» **Material for the task**
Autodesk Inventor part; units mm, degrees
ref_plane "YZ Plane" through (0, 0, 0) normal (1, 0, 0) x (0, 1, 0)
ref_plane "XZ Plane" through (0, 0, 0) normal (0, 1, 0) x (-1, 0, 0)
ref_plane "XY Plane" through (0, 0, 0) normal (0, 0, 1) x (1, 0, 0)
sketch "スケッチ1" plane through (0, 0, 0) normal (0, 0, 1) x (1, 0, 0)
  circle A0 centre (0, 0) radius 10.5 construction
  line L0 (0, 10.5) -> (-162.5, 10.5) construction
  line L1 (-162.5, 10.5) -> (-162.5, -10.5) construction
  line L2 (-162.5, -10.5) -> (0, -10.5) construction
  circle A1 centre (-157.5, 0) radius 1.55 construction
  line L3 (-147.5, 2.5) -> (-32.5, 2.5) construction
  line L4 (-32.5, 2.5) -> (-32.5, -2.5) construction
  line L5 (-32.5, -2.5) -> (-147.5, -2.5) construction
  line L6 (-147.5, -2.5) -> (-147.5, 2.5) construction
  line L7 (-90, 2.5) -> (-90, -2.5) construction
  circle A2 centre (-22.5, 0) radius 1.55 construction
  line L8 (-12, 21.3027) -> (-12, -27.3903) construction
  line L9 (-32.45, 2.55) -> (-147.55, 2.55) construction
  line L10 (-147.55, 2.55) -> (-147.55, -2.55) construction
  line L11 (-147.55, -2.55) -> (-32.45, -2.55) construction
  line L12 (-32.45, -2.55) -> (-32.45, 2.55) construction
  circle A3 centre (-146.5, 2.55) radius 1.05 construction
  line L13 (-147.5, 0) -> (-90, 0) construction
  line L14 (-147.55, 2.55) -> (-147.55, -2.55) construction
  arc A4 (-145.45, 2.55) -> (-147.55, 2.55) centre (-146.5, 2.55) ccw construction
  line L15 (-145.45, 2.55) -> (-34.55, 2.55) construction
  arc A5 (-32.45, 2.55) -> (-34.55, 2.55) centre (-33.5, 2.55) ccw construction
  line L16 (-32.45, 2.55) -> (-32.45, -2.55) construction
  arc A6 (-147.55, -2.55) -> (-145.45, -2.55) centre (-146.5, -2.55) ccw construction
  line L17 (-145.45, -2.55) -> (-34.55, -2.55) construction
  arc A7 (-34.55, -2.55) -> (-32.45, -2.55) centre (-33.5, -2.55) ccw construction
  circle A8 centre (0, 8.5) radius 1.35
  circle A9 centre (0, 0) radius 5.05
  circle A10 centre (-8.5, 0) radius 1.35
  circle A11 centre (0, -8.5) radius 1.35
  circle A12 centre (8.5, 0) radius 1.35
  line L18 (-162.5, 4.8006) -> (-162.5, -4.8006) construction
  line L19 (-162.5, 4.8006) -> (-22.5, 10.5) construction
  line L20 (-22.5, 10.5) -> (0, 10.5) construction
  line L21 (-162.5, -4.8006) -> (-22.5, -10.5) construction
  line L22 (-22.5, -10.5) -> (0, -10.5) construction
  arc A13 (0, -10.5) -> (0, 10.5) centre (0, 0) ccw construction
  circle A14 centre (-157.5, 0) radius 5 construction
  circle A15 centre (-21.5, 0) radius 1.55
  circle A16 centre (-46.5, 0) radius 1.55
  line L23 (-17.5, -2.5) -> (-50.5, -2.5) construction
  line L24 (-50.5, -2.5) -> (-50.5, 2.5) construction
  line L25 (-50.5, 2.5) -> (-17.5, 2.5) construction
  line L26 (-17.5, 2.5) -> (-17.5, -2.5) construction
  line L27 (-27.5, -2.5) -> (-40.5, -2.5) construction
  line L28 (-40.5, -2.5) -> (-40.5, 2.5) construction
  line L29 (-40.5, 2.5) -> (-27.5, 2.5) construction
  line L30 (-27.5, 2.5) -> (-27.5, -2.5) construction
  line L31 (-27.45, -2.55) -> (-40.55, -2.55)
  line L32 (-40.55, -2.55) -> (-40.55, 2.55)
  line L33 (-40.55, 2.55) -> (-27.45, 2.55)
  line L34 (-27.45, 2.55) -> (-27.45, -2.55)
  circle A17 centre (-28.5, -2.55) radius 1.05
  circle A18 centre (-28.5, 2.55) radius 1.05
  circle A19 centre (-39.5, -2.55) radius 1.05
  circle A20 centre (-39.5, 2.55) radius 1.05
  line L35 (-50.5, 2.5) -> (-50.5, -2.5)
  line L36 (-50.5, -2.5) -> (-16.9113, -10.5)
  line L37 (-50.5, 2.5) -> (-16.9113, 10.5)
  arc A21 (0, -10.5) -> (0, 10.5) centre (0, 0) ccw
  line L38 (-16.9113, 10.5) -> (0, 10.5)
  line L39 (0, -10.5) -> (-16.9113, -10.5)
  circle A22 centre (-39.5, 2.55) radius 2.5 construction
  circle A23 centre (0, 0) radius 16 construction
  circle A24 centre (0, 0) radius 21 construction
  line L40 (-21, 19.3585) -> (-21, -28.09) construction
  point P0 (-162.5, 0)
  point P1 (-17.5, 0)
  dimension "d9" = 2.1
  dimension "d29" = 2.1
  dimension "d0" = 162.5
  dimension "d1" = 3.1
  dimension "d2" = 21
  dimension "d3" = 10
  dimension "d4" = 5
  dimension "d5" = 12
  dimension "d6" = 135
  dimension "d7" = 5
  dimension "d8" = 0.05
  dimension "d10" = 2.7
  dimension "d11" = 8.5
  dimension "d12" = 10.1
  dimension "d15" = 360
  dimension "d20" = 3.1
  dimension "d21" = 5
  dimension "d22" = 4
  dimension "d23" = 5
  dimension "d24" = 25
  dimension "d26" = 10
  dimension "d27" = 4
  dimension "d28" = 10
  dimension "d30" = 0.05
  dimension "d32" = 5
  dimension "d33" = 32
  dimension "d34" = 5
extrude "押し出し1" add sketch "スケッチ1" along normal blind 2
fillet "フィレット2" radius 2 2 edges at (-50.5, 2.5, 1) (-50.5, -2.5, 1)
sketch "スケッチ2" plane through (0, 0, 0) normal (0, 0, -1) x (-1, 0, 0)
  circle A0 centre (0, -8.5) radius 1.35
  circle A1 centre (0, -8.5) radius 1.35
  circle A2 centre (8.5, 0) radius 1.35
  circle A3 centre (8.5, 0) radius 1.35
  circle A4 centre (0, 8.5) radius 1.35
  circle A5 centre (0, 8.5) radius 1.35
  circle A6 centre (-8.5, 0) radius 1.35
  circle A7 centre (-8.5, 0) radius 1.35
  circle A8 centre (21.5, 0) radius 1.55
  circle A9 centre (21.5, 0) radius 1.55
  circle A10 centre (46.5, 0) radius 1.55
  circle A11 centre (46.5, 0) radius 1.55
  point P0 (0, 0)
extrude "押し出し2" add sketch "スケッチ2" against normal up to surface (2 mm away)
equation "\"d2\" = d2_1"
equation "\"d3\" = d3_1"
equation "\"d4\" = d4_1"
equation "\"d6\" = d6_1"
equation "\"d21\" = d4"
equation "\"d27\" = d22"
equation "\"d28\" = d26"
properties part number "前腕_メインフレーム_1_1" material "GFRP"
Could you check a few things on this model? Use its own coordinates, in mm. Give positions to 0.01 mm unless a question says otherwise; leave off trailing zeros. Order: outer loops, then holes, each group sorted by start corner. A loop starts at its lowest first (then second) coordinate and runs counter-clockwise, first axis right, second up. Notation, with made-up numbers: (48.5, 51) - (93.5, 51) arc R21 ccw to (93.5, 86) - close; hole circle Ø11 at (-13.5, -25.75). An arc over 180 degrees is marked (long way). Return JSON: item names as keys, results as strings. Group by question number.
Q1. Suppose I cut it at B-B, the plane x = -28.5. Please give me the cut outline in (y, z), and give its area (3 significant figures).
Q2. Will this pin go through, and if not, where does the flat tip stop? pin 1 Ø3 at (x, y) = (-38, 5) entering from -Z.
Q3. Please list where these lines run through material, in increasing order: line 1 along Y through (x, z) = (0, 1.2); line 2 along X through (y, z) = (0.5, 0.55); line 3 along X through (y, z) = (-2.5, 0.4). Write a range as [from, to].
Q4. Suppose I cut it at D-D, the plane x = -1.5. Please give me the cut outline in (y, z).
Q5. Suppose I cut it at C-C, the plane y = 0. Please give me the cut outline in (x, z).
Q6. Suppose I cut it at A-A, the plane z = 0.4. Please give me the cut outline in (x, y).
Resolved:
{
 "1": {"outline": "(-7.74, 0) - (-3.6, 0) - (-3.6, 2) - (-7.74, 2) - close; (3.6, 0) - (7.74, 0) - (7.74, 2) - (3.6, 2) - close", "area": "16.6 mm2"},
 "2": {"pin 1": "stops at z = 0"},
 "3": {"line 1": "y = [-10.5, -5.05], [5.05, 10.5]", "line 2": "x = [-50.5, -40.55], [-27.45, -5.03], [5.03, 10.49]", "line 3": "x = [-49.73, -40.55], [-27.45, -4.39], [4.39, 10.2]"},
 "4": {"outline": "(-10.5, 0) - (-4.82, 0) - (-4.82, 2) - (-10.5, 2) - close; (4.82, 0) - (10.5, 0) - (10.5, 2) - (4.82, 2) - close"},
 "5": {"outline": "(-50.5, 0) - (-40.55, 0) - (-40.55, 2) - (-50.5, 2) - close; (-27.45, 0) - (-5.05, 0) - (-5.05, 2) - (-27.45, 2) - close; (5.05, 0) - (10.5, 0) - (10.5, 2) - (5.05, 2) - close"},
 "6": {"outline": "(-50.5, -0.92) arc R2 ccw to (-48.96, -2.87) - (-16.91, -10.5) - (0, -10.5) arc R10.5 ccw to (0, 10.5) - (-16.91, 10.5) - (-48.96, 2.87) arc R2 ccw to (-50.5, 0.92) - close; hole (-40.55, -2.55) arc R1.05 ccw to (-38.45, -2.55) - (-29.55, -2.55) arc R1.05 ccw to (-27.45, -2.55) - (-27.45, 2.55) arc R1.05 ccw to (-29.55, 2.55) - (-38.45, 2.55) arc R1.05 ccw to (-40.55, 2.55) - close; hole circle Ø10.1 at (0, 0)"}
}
==
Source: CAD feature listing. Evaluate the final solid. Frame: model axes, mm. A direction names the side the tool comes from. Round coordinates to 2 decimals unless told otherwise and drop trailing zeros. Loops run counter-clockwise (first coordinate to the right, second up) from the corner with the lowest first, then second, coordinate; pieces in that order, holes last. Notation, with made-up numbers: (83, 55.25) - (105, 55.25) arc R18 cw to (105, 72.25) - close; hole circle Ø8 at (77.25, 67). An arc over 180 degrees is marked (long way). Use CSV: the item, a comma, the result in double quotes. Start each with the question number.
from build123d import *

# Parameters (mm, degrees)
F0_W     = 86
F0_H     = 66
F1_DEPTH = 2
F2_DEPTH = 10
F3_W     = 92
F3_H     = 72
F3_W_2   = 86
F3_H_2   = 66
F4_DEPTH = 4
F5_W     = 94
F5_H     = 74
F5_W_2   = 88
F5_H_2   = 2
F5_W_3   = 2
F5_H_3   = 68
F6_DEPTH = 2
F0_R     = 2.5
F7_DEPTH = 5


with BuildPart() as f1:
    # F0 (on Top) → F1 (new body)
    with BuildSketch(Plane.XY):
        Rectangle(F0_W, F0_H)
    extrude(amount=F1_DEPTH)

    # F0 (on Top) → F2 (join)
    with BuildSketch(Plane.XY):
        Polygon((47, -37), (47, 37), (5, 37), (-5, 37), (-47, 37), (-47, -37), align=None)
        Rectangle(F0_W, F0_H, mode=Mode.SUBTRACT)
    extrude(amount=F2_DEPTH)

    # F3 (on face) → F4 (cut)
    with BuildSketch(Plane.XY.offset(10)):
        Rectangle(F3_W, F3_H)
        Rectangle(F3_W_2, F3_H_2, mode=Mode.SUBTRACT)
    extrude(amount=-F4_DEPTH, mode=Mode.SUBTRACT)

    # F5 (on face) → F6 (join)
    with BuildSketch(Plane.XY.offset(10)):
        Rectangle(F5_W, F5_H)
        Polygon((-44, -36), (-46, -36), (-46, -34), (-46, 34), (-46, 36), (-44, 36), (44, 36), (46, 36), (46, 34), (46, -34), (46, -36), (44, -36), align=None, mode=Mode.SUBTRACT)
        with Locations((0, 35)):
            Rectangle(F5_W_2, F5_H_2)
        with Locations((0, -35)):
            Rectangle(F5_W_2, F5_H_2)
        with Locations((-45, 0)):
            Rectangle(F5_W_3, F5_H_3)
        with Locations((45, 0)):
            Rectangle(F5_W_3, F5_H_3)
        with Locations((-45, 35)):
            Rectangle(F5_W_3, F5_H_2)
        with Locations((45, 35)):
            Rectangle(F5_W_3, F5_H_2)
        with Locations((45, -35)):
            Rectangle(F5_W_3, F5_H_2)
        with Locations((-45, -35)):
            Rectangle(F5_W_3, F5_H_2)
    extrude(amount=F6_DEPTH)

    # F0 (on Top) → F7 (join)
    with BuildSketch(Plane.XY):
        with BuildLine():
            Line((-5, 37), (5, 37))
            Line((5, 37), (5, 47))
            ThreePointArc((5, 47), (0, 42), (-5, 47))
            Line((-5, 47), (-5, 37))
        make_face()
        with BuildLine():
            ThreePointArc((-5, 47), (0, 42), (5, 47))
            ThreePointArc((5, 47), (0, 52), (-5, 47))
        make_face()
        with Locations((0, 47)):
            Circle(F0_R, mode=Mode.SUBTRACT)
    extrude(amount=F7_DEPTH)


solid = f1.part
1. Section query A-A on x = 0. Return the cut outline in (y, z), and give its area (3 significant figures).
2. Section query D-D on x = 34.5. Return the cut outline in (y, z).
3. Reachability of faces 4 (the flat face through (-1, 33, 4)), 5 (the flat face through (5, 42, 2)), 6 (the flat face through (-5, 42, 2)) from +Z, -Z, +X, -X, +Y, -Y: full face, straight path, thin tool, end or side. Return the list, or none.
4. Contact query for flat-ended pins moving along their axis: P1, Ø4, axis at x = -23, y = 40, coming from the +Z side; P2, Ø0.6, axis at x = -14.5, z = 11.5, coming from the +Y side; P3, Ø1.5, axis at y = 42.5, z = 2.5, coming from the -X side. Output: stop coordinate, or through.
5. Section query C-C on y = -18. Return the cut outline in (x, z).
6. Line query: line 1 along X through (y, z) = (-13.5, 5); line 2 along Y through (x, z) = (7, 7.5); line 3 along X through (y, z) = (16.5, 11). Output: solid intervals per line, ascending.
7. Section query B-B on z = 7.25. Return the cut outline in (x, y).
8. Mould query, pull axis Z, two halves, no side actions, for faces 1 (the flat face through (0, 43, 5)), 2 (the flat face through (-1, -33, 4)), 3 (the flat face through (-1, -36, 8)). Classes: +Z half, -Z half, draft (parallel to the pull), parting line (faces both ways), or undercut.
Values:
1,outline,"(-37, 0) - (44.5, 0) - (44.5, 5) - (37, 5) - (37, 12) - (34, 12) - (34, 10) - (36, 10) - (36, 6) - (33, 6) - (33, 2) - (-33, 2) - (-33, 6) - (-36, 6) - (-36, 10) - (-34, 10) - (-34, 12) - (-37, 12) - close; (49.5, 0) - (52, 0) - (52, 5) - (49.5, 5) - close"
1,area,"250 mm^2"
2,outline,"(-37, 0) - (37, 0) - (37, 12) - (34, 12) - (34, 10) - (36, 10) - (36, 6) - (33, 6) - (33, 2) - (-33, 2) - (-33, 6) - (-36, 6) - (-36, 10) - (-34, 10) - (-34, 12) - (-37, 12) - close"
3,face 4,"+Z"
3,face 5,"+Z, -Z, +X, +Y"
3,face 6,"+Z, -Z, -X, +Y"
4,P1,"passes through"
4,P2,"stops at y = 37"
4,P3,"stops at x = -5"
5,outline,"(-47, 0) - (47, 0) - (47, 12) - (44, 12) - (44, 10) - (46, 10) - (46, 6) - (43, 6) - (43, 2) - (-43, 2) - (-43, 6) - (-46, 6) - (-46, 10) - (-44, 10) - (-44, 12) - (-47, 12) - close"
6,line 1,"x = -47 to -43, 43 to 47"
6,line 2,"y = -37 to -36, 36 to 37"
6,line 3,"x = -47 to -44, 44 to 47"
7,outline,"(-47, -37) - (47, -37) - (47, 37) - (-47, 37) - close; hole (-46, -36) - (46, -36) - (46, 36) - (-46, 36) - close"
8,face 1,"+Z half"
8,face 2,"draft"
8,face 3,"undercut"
==
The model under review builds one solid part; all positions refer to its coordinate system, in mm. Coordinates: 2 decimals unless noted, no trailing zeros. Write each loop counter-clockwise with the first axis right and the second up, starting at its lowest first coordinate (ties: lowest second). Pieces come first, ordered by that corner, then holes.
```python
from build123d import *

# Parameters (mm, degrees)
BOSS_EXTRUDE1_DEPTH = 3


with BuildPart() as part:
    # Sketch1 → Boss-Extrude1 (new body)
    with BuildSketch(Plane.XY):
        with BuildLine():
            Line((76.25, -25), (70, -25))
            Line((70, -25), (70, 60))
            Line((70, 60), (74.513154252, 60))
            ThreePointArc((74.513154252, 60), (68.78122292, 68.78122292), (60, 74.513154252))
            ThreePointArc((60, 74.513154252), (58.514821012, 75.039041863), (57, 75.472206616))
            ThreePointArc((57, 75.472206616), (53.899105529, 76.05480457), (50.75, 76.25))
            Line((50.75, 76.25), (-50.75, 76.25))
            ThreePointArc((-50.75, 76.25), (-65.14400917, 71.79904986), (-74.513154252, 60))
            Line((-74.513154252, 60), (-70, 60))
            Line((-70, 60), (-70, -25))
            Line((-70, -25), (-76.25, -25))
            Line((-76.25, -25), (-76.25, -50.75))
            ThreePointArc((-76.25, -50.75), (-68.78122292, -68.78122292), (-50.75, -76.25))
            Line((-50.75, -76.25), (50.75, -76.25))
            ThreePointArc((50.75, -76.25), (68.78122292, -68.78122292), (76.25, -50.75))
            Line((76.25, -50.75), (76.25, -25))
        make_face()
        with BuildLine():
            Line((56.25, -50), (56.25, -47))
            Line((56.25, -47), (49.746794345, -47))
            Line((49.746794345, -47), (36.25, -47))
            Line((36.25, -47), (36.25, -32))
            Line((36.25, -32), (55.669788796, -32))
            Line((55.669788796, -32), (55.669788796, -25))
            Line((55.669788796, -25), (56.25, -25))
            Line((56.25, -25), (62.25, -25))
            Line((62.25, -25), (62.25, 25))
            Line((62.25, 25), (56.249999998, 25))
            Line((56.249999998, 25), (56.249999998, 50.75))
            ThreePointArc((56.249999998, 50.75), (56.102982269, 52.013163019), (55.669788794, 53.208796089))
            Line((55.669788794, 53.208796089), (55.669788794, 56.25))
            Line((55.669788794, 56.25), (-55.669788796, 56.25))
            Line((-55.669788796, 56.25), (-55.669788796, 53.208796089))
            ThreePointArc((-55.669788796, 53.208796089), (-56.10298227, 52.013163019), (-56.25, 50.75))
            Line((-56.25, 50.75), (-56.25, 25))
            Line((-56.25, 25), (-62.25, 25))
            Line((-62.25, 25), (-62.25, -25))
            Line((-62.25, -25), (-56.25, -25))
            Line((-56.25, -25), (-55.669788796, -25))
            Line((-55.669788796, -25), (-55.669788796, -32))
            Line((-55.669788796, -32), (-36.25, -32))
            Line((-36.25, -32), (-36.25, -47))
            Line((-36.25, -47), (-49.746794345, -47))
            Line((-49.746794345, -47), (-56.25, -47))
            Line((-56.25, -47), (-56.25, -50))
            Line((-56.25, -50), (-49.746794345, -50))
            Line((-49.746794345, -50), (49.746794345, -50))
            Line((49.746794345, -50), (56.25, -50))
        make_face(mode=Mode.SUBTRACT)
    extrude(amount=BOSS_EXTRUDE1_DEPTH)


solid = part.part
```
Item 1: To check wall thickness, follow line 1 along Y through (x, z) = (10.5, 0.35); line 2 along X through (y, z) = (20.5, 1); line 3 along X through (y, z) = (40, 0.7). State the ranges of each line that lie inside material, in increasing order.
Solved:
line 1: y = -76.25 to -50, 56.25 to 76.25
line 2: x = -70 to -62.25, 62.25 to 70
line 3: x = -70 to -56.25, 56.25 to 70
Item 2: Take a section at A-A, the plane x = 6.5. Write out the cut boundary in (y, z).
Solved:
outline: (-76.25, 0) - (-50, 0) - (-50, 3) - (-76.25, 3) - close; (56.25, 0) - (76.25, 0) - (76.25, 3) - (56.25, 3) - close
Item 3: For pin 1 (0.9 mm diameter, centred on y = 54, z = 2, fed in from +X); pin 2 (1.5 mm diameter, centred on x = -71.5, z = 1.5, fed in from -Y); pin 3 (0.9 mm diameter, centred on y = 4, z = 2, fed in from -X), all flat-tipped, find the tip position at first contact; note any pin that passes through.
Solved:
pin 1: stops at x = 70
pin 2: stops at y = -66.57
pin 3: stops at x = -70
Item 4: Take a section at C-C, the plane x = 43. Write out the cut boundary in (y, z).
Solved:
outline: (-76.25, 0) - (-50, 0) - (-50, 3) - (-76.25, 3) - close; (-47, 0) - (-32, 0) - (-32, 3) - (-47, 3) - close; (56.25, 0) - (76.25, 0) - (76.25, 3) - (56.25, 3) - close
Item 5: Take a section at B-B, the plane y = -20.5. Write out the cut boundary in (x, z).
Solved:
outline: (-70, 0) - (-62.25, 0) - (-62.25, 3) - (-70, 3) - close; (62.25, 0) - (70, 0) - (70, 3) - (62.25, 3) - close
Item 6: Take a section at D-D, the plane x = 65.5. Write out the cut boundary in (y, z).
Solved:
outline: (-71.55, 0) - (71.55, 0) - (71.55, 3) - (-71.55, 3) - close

» **How to complete this task**
Search the material for the word "normal". Each line where it is found must be copied.

» **Problem solution**
ref_plane "YZ Plane" through (0, 0, 0) normal (1, 0, 0) x (0, 1, 0)
ref_plane "XZ Plane" through (0, 0, 0) normal (0, 1, 0) x (-1, 0, 0)
ref_plane "XY Plane" through (0, 0, 0) normal (0, 0, 1) x (1, 0, 0)
sketch "スケッチ1" plane through (0, 0, 0) normal (0, 0, 1) x (1, 0, 0)
extrude "押し出し1" add sketch "スケッチ1" along normal blind 2
sketch "スケッチ2" plane through (0, 0, 0) normal (0, 0, -1) x (-1, 0, 0)
extrude "押し出し2" add sketch "スケッチ2" against normal up to surface (2 mm away)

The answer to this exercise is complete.